[Data items]:
____
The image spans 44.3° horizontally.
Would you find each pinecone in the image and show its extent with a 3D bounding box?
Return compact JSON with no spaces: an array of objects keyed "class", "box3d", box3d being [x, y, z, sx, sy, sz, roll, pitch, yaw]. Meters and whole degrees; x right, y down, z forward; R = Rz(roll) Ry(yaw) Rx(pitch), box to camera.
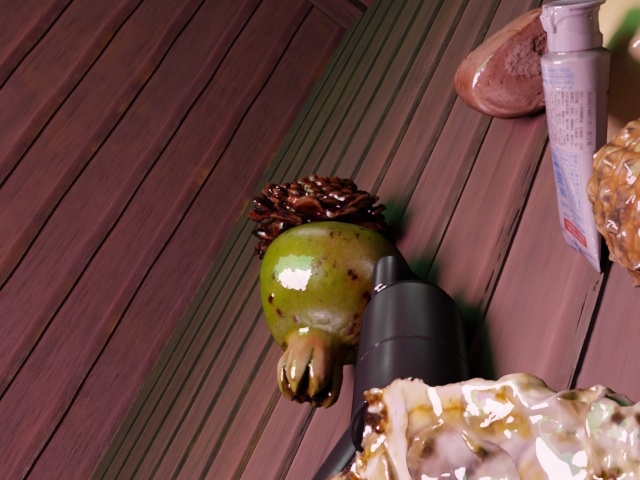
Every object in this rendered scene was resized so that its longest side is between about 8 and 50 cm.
[{"class":"pinecone","box3d":[0.000,0.000,1.193,0.221,0.221,0.221,-51,15,19]}]

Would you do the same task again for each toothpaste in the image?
[{"class":"toothpaste","box3d":[0.226,-0.092,0.697,0.089,0.057,0.234,-100,3,-69]}]

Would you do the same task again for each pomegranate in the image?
[{"class":"pomegranate","box3d":[0.022,0.073,0.959,0.159,0.190,0.241,-9,15,31]}]

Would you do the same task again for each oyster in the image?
[{"class":"oyster","box3d":[0.109,0.200,0.549,0.354,0.107,0.201,-19,49,54]}]

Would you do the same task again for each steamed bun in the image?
[{"class":"steamed bun","box3d":[0.265,-0.231,1.036,0.175,0.106,0.145,-40,11,5]}]

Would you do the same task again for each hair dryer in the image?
[{"class":"hair dryer","box3d":[0.049,0.183,0.844,0.302,0.116,0.244,-56,10,28]}]

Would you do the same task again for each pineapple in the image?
[{"class":"pineapple","box3d":[0.256,0.013,0.502,0.128,0.128,0.248,-48,22,29]}]

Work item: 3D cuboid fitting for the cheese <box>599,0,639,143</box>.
[{"class":"cheese","box3d":[0.352,-0.232,0.710,0.265,0.124,0.242,-30,26,58]}]
____
[What this task involves]: A single number is the whole answer: the number of lines in the entries that include "with".

[Written answer]: 2